Job still running even when deleting nodes

I created a two nodes clusters and I created a new job using the busybox image that sleeps for 300 secs. I checked on which node this job is running using
kubectl get pods -o wide
I deleted the node but surprisingly the job was still finishing to run on the same node. Any idea if this is a normal behavior? If not how can I fix it?
Jobs aren't scheduled or running on nodes. The role of a job is just to define a policy by making sure that a pod with certain specifications exists and ensure that it runs till the completion of the task whether it completed successfully or not.
When you create a job, you are declaring a policy that the built-in job-controller will see and will create a pod for. Then the built-in kube-scheduler will see this pod without a node and patch the pod to it with a node's identity. The kubelet will see a pod with a node matching it's own identity and hence a container will be started.

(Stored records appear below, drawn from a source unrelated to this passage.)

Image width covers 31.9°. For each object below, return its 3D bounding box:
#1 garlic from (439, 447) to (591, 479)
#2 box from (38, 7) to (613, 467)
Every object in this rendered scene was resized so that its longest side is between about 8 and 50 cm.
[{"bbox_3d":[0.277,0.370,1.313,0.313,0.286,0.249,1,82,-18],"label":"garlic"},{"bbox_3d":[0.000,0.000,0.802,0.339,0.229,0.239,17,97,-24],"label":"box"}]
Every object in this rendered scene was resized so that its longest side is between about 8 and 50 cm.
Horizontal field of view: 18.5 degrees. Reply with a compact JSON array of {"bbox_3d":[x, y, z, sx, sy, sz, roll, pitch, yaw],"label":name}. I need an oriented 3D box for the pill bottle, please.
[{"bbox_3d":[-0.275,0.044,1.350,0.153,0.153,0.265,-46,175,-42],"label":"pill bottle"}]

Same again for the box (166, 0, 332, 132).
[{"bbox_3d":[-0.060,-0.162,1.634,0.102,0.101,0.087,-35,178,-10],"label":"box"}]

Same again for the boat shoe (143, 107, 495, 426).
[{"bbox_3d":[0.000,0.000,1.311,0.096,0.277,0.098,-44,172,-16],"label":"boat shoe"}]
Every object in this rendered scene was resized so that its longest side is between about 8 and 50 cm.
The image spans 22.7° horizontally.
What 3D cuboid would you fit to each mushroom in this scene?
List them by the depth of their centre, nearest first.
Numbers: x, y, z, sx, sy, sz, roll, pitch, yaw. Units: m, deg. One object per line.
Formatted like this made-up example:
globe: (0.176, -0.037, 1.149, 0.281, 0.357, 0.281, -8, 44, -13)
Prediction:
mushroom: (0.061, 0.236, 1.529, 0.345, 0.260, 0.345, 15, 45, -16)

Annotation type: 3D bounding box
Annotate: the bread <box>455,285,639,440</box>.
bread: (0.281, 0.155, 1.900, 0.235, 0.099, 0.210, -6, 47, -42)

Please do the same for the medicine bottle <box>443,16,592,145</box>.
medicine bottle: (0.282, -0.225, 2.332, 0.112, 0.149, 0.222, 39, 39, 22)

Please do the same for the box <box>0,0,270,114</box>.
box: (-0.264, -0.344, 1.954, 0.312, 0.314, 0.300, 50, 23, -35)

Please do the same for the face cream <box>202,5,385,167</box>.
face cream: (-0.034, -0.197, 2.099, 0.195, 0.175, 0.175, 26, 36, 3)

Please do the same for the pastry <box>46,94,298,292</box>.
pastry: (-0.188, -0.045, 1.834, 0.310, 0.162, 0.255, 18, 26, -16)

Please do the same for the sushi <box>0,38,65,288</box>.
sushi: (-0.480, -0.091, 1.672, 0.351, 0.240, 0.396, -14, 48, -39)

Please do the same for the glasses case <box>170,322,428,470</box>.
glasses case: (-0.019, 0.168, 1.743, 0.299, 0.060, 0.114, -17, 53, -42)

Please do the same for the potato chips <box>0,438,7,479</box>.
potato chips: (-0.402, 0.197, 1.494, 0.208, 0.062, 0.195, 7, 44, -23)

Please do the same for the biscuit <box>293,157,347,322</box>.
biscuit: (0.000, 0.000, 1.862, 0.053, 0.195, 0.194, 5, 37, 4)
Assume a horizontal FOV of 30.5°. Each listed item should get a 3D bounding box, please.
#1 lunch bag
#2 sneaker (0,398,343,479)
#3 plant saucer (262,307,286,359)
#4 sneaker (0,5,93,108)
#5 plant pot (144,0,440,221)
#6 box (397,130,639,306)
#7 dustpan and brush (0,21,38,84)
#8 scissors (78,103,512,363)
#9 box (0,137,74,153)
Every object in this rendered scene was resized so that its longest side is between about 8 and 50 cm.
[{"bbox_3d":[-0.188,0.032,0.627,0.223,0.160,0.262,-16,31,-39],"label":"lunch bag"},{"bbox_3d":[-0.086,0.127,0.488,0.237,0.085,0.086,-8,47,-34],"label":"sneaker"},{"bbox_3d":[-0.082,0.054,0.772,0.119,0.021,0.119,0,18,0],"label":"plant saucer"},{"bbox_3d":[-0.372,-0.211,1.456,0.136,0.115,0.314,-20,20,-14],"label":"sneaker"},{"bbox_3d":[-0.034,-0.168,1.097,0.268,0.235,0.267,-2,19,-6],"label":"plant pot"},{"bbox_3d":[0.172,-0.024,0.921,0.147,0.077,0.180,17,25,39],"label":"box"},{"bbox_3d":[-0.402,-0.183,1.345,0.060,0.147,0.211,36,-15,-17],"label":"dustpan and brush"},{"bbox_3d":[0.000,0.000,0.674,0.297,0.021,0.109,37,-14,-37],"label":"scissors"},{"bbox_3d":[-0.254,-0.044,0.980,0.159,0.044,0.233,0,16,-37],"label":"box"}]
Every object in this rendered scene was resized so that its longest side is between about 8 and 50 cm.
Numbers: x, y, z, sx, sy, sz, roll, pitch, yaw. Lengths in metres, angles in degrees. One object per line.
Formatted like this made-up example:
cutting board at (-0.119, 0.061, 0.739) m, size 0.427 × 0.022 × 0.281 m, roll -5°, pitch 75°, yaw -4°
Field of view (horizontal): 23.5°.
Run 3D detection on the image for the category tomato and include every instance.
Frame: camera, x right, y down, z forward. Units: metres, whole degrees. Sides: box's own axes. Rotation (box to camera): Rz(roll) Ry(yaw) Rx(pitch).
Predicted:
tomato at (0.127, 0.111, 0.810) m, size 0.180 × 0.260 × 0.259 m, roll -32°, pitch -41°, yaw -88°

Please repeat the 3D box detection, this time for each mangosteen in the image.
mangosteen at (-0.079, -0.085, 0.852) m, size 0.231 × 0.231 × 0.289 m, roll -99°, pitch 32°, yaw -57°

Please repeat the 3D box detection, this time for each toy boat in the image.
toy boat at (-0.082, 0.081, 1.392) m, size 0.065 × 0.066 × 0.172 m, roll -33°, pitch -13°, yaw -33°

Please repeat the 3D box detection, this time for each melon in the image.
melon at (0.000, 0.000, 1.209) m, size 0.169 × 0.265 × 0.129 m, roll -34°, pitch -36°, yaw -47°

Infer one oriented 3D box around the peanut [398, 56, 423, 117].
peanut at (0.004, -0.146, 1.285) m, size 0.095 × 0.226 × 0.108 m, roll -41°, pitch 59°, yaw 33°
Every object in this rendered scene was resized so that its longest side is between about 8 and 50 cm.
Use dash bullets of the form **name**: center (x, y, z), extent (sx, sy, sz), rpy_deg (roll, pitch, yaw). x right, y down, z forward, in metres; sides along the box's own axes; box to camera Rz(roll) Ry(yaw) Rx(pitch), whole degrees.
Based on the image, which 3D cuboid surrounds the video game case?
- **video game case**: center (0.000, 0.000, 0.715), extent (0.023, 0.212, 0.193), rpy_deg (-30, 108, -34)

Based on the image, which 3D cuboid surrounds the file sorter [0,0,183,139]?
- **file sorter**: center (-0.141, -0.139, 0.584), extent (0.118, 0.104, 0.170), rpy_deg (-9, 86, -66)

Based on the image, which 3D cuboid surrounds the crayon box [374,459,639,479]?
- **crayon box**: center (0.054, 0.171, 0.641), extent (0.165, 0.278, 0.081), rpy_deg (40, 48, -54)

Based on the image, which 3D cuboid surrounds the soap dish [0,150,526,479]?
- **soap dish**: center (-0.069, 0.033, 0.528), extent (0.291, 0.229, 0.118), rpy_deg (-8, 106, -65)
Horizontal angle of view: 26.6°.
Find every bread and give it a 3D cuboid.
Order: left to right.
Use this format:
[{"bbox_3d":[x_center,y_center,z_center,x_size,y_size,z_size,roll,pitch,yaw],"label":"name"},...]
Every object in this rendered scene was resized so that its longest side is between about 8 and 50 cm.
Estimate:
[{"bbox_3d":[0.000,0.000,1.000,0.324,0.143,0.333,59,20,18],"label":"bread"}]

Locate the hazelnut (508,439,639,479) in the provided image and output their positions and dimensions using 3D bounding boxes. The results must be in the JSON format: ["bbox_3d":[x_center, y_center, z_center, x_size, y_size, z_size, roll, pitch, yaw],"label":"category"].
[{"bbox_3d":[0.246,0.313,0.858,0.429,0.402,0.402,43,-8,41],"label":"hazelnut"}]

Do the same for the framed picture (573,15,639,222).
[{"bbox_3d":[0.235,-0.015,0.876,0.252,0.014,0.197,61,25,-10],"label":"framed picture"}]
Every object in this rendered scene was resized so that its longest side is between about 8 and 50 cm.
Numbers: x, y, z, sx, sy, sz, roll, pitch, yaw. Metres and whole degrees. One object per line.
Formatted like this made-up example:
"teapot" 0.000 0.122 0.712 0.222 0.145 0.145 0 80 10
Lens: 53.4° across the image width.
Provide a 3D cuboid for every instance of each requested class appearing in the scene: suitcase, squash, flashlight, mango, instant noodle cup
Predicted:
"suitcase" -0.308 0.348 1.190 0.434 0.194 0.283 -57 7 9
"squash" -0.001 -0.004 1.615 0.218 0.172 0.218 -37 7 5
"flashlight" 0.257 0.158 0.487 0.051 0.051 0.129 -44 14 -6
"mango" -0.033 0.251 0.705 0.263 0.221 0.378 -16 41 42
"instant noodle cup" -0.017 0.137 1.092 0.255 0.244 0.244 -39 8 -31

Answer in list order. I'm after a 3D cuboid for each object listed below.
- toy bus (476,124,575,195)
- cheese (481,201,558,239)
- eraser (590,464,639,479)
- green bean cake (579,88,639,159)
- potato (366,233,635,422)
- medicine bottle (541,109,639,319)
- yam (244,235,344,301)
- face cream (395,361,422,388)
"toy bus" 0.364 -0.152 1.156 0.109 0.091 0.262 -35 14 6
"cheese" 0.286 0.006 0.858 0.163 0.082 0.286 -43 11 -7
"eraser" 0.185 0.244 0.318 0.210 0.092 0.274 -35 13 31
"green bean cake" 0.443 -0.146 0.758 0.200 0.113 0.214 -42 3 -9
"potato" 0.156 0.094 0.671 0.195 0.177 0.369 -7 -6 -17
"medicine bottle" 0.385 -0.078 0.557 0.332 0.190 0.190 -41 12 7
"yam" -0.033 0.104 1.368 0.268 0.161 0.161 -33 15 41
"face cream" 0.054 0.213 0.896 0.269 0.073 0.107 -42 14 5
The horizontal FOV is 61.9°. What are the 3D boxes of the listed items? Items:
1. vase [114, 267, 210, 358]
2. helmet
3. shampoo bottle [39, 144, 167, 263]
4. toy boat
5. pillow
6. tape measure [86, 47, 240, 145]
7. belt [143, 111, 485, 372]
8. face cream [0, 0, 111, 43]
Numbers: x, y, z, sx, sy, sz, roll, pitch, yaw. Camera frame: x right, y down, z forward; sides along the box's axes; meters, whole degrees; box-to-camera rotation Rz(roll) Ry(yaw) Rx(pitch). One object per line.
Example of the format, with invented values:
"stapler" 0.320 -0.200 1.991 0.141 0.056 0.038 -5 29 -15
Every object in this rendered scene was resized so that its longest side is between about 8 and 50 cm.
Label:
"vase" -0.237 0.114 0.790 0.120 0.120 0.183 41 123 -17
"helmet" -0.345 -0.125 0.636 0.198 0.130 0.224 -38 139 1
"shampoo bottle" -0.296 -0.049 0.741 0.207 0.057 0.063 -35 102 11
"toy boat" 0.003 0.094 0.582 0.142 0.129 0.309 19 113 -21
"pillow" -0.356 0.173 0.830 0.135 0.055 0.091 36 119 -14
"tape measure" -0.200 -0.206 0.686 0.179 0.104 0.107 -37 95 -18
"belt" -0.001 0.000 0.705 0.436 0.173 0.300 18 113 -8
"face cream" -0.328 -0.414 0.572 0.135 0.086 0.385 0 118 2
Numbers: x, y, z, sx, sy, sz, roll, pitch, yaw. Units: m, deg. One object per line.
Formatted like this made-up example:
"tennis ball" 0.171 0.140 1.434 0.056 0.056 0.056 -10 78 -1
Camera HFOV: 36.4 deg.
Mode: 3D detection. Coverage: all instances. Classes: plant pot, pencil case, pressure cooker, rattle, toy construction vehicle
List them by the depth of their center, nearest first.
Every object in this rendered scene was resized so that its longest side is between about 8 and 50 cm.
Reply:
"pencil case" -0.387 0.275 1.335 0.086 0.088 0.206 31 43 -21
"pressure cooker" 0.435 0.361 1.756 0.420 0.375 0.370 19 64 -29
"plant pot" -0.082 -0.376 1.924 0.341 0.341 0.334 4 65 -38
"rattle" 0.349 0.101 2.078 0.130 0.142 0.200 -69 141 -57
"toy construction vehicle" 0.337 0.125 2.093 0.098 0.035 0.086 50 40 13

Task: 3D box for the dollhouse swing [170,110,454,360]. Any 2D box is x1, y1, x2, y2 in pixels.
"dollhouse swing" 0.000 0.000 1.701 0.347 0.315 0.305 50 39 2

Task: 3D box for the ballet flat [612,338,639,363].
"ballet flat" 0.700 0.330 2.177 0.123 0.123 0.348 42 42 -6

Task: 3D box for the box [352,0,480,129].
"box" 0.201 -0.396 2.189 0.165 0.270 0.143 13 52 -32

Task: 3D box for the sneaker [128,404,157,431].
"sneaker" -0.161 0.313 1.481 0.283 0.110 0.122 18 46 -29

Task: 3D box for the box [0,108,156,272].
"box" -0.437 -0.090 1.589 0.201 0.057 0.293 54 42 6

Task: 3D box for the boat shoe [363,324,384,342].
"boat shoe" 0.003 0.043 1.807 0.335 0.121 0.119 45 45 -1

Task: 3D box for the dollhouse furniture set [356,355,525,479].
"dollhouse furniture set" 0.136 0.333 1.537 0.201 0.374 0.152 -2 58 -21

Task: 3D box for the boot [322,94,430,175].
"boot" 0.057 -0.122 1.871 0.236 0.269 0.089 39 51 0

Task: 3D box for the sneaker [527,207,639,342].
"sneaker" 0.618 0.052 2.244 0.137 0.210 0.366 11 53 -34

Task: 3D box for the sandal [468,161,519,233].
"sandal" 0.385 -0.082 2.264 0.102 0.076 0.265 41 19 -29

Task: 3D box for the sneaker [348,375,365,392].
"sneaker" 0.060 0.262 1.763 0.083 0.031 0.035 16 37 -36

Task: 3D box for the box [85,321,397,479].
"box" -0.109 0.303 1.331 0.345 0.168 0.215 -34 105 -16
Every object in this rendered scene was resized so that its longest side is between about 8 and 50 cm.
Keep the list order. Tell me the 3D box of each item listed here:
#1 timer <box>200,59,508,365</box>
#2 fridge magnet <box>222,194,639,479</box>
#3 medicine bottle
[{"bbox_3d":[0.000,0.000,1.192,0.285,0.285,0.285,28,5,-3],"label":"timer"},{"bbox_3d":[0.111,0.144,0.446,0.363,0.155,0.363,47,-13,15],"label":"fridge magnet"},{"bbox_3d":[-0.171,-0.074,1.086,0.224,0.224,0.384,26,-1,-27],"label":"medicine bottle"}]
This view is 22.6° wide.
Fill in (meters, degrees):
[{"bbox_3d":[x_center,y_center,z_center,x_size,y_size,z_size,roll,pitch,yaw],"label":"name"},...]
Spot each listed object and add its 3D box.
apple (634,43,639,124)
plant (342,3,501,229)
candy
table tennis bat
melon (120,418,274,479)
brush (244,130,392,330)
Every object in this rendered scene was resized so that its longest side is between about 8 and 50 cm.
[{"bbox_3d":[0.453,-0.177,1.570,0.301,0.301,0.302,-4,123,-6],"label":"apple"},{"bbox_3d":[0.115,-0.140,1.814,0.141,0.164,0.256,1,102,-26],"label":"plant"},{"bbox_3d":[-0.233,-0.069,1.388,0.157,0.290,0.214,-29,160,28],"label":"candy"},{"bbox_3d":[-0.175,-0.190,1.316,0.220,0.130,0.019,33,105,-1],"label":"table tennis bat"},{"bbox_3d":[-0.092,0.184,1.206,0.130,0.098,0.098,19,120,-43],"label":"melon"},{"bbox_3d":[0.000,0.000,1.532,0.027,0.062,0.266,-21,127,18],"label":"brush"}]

As the container will be still running, the control-plane will know that the node and the pod still exist.
There are two ways of breaking a node, one with a drain and the second without a drain. The process of breaking a node without draining is identical to a network cut or a server crash. The api-server will keep the node resource for a while, but it 'll cease being Ready. The pods will be then terminated slowly. However, when you drain a node, it looks as if you are preventing new pods from scheduling on to the node and deleting the pods using kubectl delete pod.
In both ways, the pods will be deleted and you will be having a job that hasn't run to completion and doesn't have a pod, therefore job-controller will make a new pod for the job and the job's failed-attempts will be increased by 1, and the loop will start over again.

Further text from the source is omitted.